Out of the data below, copy every line with the string "pitch".
[DATASET Boundary: Start]
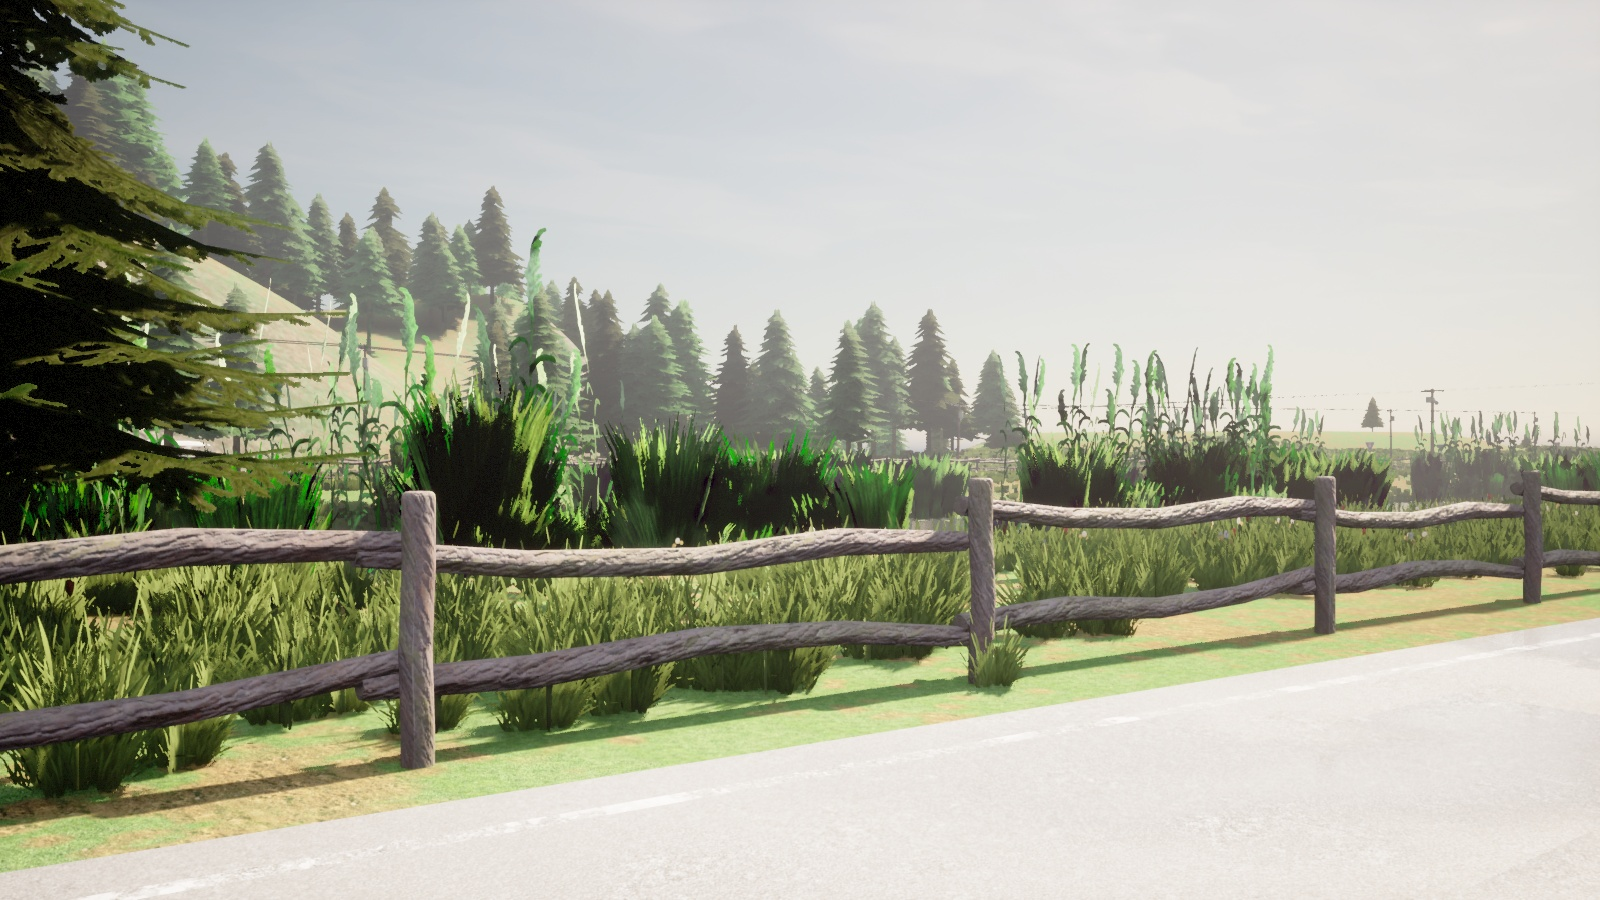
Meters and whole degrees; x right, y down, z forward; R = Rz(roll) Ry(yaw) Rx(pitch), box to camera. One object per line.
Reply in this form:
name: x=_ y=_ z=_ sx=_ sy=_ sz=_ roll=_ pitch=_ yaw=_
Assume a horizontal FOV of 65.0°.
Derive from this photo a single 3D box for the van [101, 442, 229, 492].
[DATASET Boundary: End]
* TASK RESPONSE *
Meters and whole degrees; x right, y down, z forward; R = Rz(roll) Ry(yaw) Rx(pitch), box to camera. One object per line.
name: x=_ y=_ z=_ sx=_ sy=_ sz=_ roll=_ pitch=_ yaw=_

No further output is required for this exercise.